Eliciting informative priors for coefficients in logistic regression while accounting for baseline risk


Suppose one has data \boldsymbol Y = \{ y_1, y_2, \ldots y_N \}, y_i \in \{0, 1\} and some covariates \boldsymbol X in the form of a N \times P matrix. Suppose further that the model to explain \boldsymbol Y using \boldsymbol X is a logistic regression. For instance, we could be interested in explaining the probability of death from a certain disease given some explanatory variable(s).
The questions here pertain to the elicitation of (marginal) prior distributions for the coefficients, \boldsymbol \beta by manipulating odds ratios (\operatorname{OR}), risk ratios (\operatorname{RR}) and the baseline prevalence, p_0.

The main idea here is that one has a data set of moderate size that one wishes to analyse while incorporating extensive knowledge about the baseline prevalence/risk and an informative guess about the maximum risk ratio of a given covariate.


For simplicity, let’s concentrate on elicitation for a single coefficient.
Assuming we know p_0, we can use the identity \beta = \log(\operatorname{OR}) to write the risk ratio, as \operatorname{RR} = \frac{\exp(\beta)}{(1-p_0) +p_0 \exp(\beta)}. Suppose we have a maximum postulated risk ratio \operatorname{RR}_m, where \operatorname{RR}_m < 1/p_0 . If we place a prior \pi_B(\beta) on the coefficient, we can truncate the prior at \beta_m = \log\left( \frac{p_0\operatorname{RR}_m - \operatorname{RR}_m}{p_0\operatorname{RR}_m - 1}\right), creating a new prior \pi_B^\ast(\beta) = \pi_B(\beta)/F_B(\beta_m), with F_B(x) = \int_0^x \pi_B(x)\, dx.
This prior distribution incorporates knowledge about p_0 and translates the informative guess about risk ratios to the coefficients. Notice that other probabilistic constraints can also be incorporated this way, for instance \operatorname{Pr}(\operatorname{RR} < 2) = 1/2 \to \operatorname{Pr}\left(\beta < \log\left( \frac{2p_0 - 2}{2p_0 - 1}\right)\right) = 1/2.

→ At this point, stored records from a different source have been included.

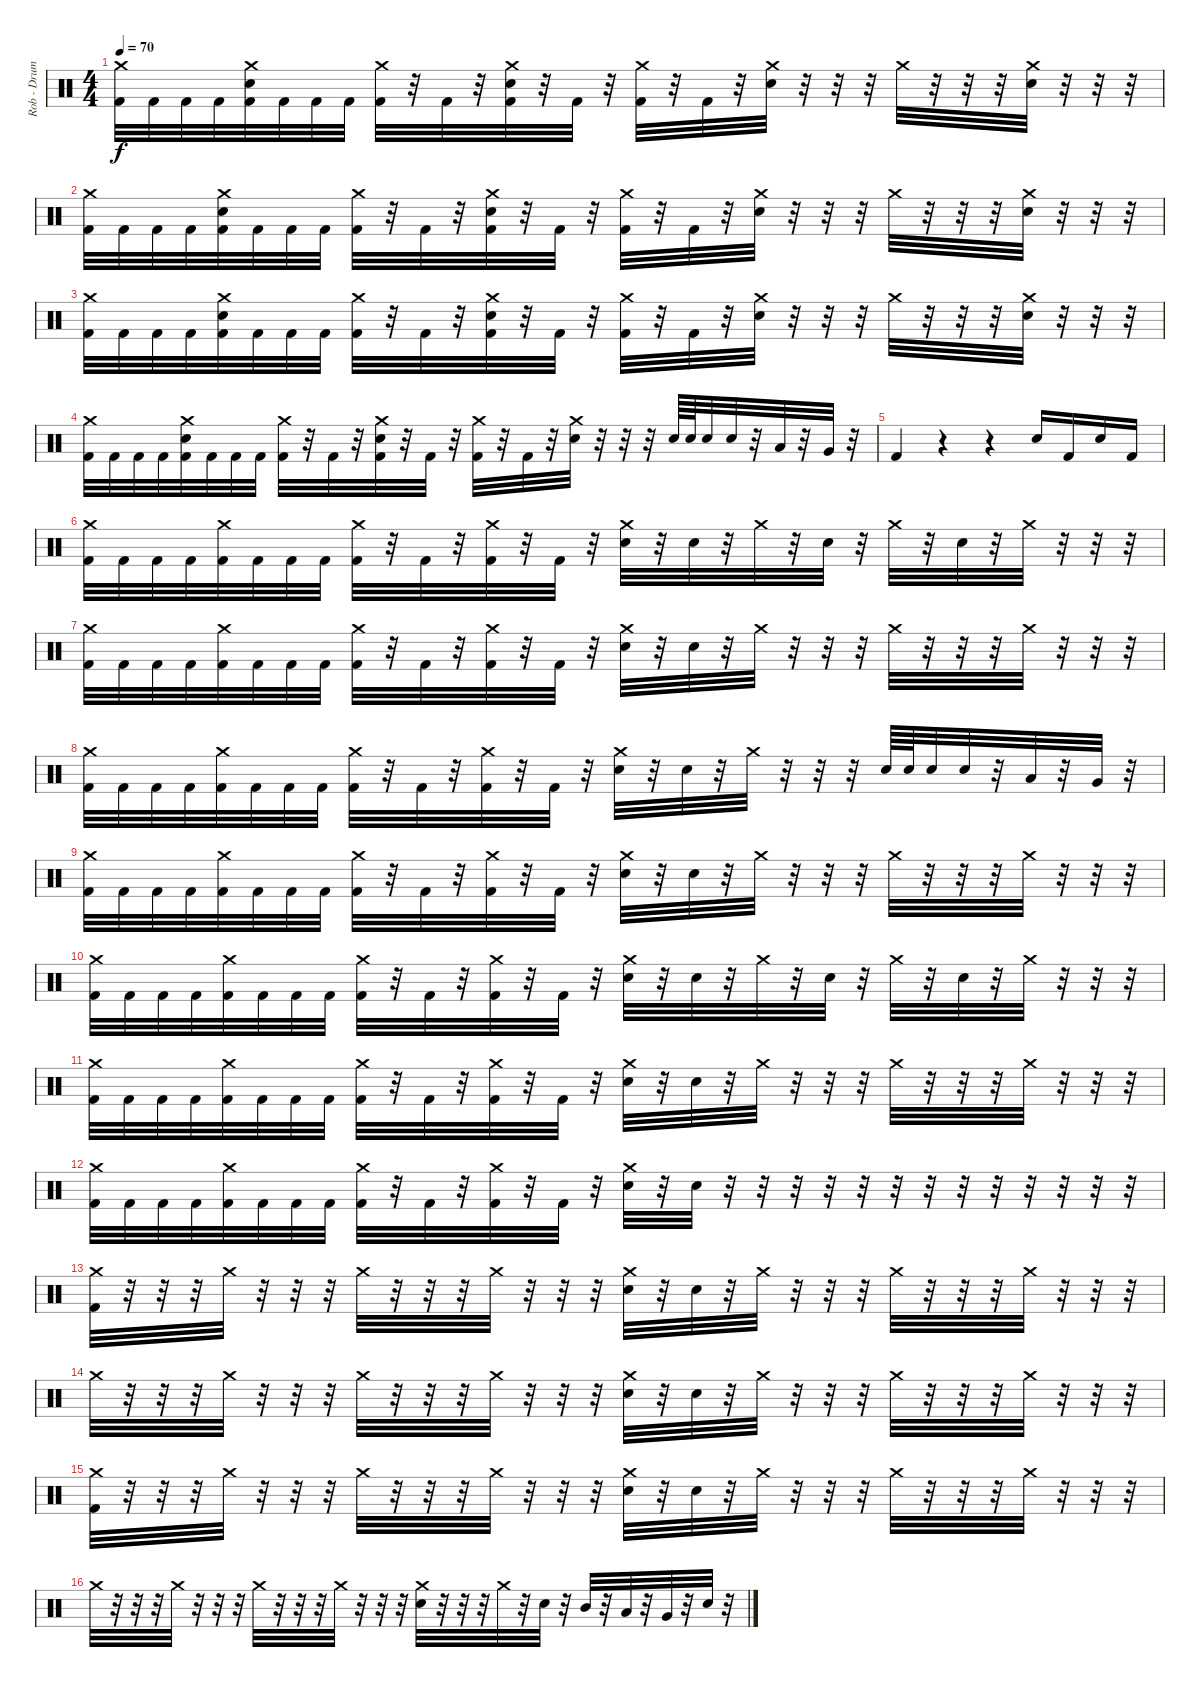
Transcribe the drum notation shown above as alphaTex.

\track ("Rob - Drums" "Rob - Drum") {instrument percussion}
\staff {score}
\articulation defaults
\ts (4 4)
\tempo 70
\clef neutral
\ks c
("Crash medium (hit)" "Kick (hit) 2").32{dy f volume 16} "Kick (hit) 2".32 "Kick (hit) 2".32 "Kick (hit) 2".32 ("Crash medium (hit)" "Electric Snare (hit)" "Kick (hit) 2").32 "Kick (hit) 2".32 "Kick (hit) 2".32 "Kick (hit) 2".32 ("Crash medium (hit)" "Kick (hit) 2").32 r.32 "Kick (hit) 2".32 r.32 ("Crash medium (hit)" "Electric Snare (hit)" "Kick (hit) 2").32 r.32 "Kick (hit) 2".32 r.32 ("Crash medium (hit)" "Kick (hit) 2").32 r.32 "Kick (hit) 2".32 r.32 ("Crash medium (hit)" "Electric Snare (hit)").32 r.32 r.32 r.32 "Crash medium (hit)".32 r.32 r.32 r.32 ("Crash medium (hit)" "Electric Snare (hit)").32 r.32 r.32 r.32 |
("Crash medium (hit)" "Kick (hit) 2").32 "Kick (hit) 2".32 "Kick (hit) 2".32 "Kick (hit) 2".32 ("Crash medium (hit)" "Electric Snare (hit)" "Kick (hit) 2").32 "Kick (hit) 2".32 "Kick (hit) 2".32 "Kick (hit) 2".32 ("Crash medium (hit)" "Kick (hit) 2").32 r.32 "Kick (hit) 2".32 r.32 ("Crash medium (hit)" "Electric Snare (hit)" "Kick (hit) 2").32 r.32 "Kick (hit) 2".32 r.32 ("Crash medium (hit)" "Kick (hit) 2").32 r.32 "Kick (hit) 2".32 r.32 ("Crash medium (hit)" "Electric Snare (hit)").32 r.32 r.32 r.32 "Crash medium (hit)".32 r.32 r.32 r.32 ("Crash medium (hit)" "Electric Snare (hit)").32 r.32 r.32 r.32 |
("Crash medium (hit)" "Kick (hit) 2").32{volume 16} "Kick (hit) 2".32 "Kick (hit) 2".32 "Kick (hit) 2".32 ("Crash medium (hit)" "Electric Snare (hit)" "Kick (hit) 2").32 "Kick (hit) 2".32 "Kick (hit) 2".32 "Kick (hit) 2".32 ("Crash medium (hit)" "Kick (hit) 2").32 r.32 "Kick (hit) 2".32 r.32 ("Crash medium (hit)" "Electric Snare (hit)" "Kick (hit) 2").32 r.32 "Kick (hit) 2".32 r.32 ("Crash medium (hit)" "Kick (hit) 2").32 r.32 "Kick (hit) 2".32 r.32 ("Crash medium (hit)" "Electric Snare (hit)").32 r.32 r.32 r.32 "Crash medium (hit)".32 r.32 r.32 r.32 ("Crash medium (hit)" "Electric Snare (hit)").32 r.32 r.32 r.32 |
("Crash medium (hit)" "Kick (hit) 2").32 "Kick (hit) 2".32 "Kick (hit) 2".32 "Kick (hit) 2".32 ("Crash medium (hit)" "Electric Snare (hit)" "Kick (hit) 2").32 "Kick (hit) 2".32 "Kick (hit) 2".32 "Kick (hit) 2".32 ("Crash medium (hit)" "Kick (hit) 2").32 r.32 "Kick (hit) 2".32 r.32 ("Crash medium (hit)" "Electric Snare (hit)" "Kick (hit) 2").32 r.32 "Kick (hit) 2".32 r.32 ("Crash medium (hit)" "Kick (hit) 2").32 r.32 "Kick (hit) 2".32 r.32 ("Crash medium (hit)" "Electric Snare (hit)").32 r.32 r.32 r.32 "Electric Snare (hit)".64 "Electric Snare (hit)".64 "Electric Snare (hit)".32 "Electric Snare (hit)".32 r.32 "Low Tom (hit)".32 r.32 "Very Low Tom (hit)".32 r.32 |
"Kick (hit) 2".4 r.4 r.4 "Electric Snare (hit)".16 "Kick (hit) 2".16 "Electric Snare (hit)".16 "Kick (hit) 2".16 |
("Crash medium (hit)" "Kick (hit) 2").32{volume 16} "Kick (hit) 2".32 "Kick (hit) 2".32 "Kick (hit) 2".32 ("Crash medium (hit)" "Kick (hit) 2").32 "Kick (hit) 2".32 "Kick (hit) 2".32 "Kick (hit) 2".32 ("Crash medium (hit)" "Kick (hit) 2").32 r.32 "Kick (hit) 2".32 r.32 ("Crash medium (hit)" "Kick (hit) 2").32 r.32 "Kick (hit) 2".32 r.32 ("Crash medium (hit)" "Electric Snare (hit)").32 r.32 "Electric Snare (hit)".32 r.32 "Crash medium (hit)".32 r.32 "Electric Snare (hit)".32 r.32 "Crash medium (hit)".32 r.32 "Electric Snare (hit)".32 r.32 "Crash medium (hit)".32 r.32 r.32 r.32 |
("Crash medium (hit)" "Kick (hit) 2").32{volume 16} "Kick (hit) 2".32 "Kick (hit) 2".32 "Kick (hit) 2".32 ("Crash medium (hit)" "Kick (hit) 2").32 "Kick (hit) 2".32 "Kick (hit) 2".32 "Kick (hit) 2".32 ("Crash medium (hit)" "Kick (hit) 2").32 r.32 "Kick (hit) 2".32 r.32 ("Crash medium (hit)" "Kick (hit) 2").32 r.32 "Kick (hit) 2".32 r.32 ("Crash medium (hit)" "Electric Snare (hit)").32 r.32 "Electric Snare (hit)".32 r.32 "Crash medium (hit)".32 r.32 r.32 r.32 "Crash medium (hit)".32 r.32 r.32 r.32 "Crash medium (hit)".32 r.32 r.32 r.32 |
("Crash medium (hit)" "Kick (hit) 2").32 "Kick (hit) 2".32 "Kick (hit) 2".32 "Kick (hit) 2".32 ("Crash medium (hit)" "Kick (hit) 2").32 "Kick (hit) 2".32 "Kick (hit) 2".32 "Kick (hit) 2".32 ("Crash medium (hit)" "Kick (hit) 2").32 r.32 "Kick (hit) 2".32 r.32 ("Crash medium (hit)" "Kick (hit) 2").32 r.32 "Kick (hit) 2".32 r.32 ("Crash medium (hit)" "Electric Snare (hit)").32 r.32 "Electric Snare (hit)".32 r.32 "Crash medium (hit)".32 r.32 r.32 r.32 "Electric Snare (hit)".64 "Electric Snare (hit)".64 "Electric Snare (hit)".32 "Electric Snare (hit)".32 r.32 "Low Tom (hit)".32 r.32 "Very Low Tom (hit)".32 r.32 |
("Crash medium (hit)" "Kick (hit) 2").32{volume 16} "Kick (hit) 2".32 "Kick (hit) 2".32 "Kick (hit) 2".32 ("Crash medium (hit)" "Kick (hit) 2").32 "Kick (hit) 2".32 "Kick (hit) 2".32 "Kick (hit) 2".32 ("Crash medium (hit)" "Kick (hit) 2").32 r.32 "Kick (hit) 2".32 r.32 ("Crash medium (hit)" "Kick (hit) 2").32 r.32 "Kick (hit) 2".32 r.32 ("Crash medium (hit)" "Electric Snare (hit)").32 r.32 "Electric Snare (hit)".32 r.32 "Crash medium (hit)".32 r.32 r.32 r.32 "Crash medium (hit)".32 r.32 r.32 r.32 "Crash medium (hit)".32 r.32 r.32 r.32 |
("Crash medium (hit)" "Kick (hit) 2").32{volume 16} "Kick (hit) 2".32 "Kick (hit) 2".32 "Kick (hit) 2".32 ("Crash medium (hit)" "Kick (hit) 2").32 "Kick (hit) 2".32 "Kick (hit) 2".32 "Kick (hit) 2".32 ("Crash medium (hit)" "Kick (hit) 2").32 r.32 "Kick (hit) 2".32 r.32 ("Crash medium (hit)" "Kick (hit) 2").32 r.32 "Kick (hit) 2".32 r.32 ("Crash medium (hit)" "Electric Snare (hit)").32 r.32 "Electric Snare (hit)".32 r.32 "Crash medium (hit)".32 r.32 "Electric Snare (hit)".32 r.32 "Crash medium (hit)".32 r.32 "Electric Snare (hit)".32 r.32 "Crash medium (hit)".32 r.32 r.32 r.32 |
("Crash medium (hit)" "Kick (hit) 2").32{volume 16} "Kick (hit) 2".32 "Kick (hit) 2".32 "Kick (hit) 2".32 ("Crash medium (hit)" "Kick (hit) 2").32 "Kick (hit) 2".32 "Kick (hit) 2".32 "Kick (hit) 2".32 ("Crash medium (hit)" "Kick (hit) 2").32 r.32 "Kick (hit) 2".32 r.32 ("Crash medium (hit)" "Kick (hit) 2").32 r.32 "Kick (hit) 2".32 r.32 ("Crash medium (hit)" "Electric Snare (hit)").32 r.32 "Electric Snare (hit)".32 r.32 "Crash medium (hit)".32 r.32 r.32 r.32 "Crash medium (hit)".32 r.32 r.32 r.32 "Crash medium (hit)".32 r.32 r.32 r.32 |
("Crash medium (hit)" "Kick (hit) 2").32{volume 16} "Kick (hit) 2".32 "Kick (hit) 2".32 "Kick (hit) 2".32 ("Crash medium (hit)" "Kick (hit) 2").32 "Kick (hit) 2".32 "Kick (hit) 2".32 "Kick (hit) 2".32 ("Crash medium (hit)" "Kick (hit) 2").32 r.32 "Kick (hit) 2".32 r.32 ("Crash medium (hit)" "Kick (hit) 2").32 r.32 "Kick (hit) 2".32 r.32 ("Crash medium (hit)" "Electric Snare (hit)").32 r.32 "Electric Snare (hit)".32 r.32 r.32 r.32 r.32 r.32 r.32 r.32 r.32 r.32 r.32 r.32 r.32 r.32 |
("Crash medium (hit)" "Kick (hit) 2").32{volume 12} r.32 r.32 r.32 "Crash medium (hit)".32 r.32 r.32 r.32 "Crash medium (hit)".32 r.32 r.32 r.32 "Crash medium (hit)".32 r.32 r.32 r.32 ("Crash medium (hit)" "Electric Snare (hit)").32 r.32 "Electric Snare (hit)".32 r.32 "Crash medium (hit)".32 r.32 r.32 r.32 "Crash medium (hit)".32 r.32 r.32 r.32 "Crash medium (hit)".32 r.32 r.32 r.32 |
"Crash medium (hit)".32 r.32 r.32 r.32 "Crash medium (hit)".32 r.32 r.32 r.32 "Crash medium (hit)".32 r.32 r.32 r.32 "Crash medium (hit)".32 r.32 r.32 r.32 ("Crash medium (hit)" "Electric Snare (hit)").32 r.32 "Electric Snare (hit)".32 r.32 "Crash medium (hit)".32 r.32 r.32 r.32 "Crash medium (hit)".32 r.32 r.32 r.32 "Crash medium (hit)".32 r.32 r.32 r.32 |
("Crash medium (hit)" "Kick (hit) 2").32 r.32 r.32 r.32 "Crash medium (hit)".32 r.32 r.32 r.32 "Crash medium (hit)".32 r.32 r.32 r.32 "Crash medium (hit)".32 r.32 r.32 r.32 ("Crash medium (hit)" "Electric Snare (hit)").32 r.32 "Electric Snare (hit)".32 r.32 "Crash medium (hit)".32 r.32 r.32 r.32 "Crash medium (hit)".32 r.32 r.32 r.32 "Crash medium (hit)".32 r.32 r.32 r.32 |
"Crash medium (hit)".32 r.32 r.32 r.32 "Crash medium (hit)".32 r.32 r.32 r.32 "Crash medium (hit)".32 r.32 r.32 r.32 "Crash medium (hit)".32 r.32 r.32 r.32 ("Crash medium (hit)" "Electric Snare (hit)").32 r.32 r.32 r.32 "Crash medium (hit)".32 r.32 "Electric Snare (hit)".32 r.32 "Mid Tom (hit)".32 r.32 "Low Tom (hit)".32 r.32 "Very Low Tom (hit)".32 r.32 "Electric Snare (hit)".32 r.32

  • Has anyone seen this method of constructing informative priors for the coefficients in logistic regression?
  • Is this a good idea?

I understand a major criticism of this approach is that we seldom know the baseline risk. But I posit there are, indeed, situations where we have a pretty good idea and can use that information to our advantage when creating prior distributions that incorporate important physical constraints.

I’m not seeing the value of bringing RR into the equation and would rather stick with ORs. To the general question, I think it’s very difficult to bring absolute risk information into a model that has lots of predictors, especially as you expand them into splines to allow for nonlinearities. I’d tend to use a very wide prior on the intercept and to constrain coefficients through their relative effects, to be able to scale to larger problems. Dealing with nonlinearity would be hard though. You might put priors on the nonlinear terms that favor zero pretty heavily, and a prior on the linear coefficient such that the inter-quartile-range OR has a low chance of being larger than 5 or less than 1/5.

1 Like

Thanks for taking the time @f2harrell, I appreciate it. But I’ll have to disagree. I know you don’t much like RRs, as per this post, for instance, but I don’t think ORs are easy to interpret or any easier to interpret than RRs. The usual difficulty with RRs, knowing the baseline risk, is taken as given for this problem.

This is a good point. But in the simple case of a logistic regression, is it not the case that the non-linearity of the model is taken into account by the transformations I discuss in my original post?

I think the ‘easier to interpret’ idea is a false hope. Ultimately RRs have much more of an interpretation problem since you have to have a series of RRs when baseline risk varies greatly, whereas a single OR will do. ORs have a first-order interpretation problem (for non-statisticians). RRs have a zero-order interpretation problem for everyone due to (1) dependence on baseline risk and (2) dependence on the choice of the event reference category.

I don’t think you are accounting for nonlinearity on the log odds scale, which is why we use spline functions so often for covariates.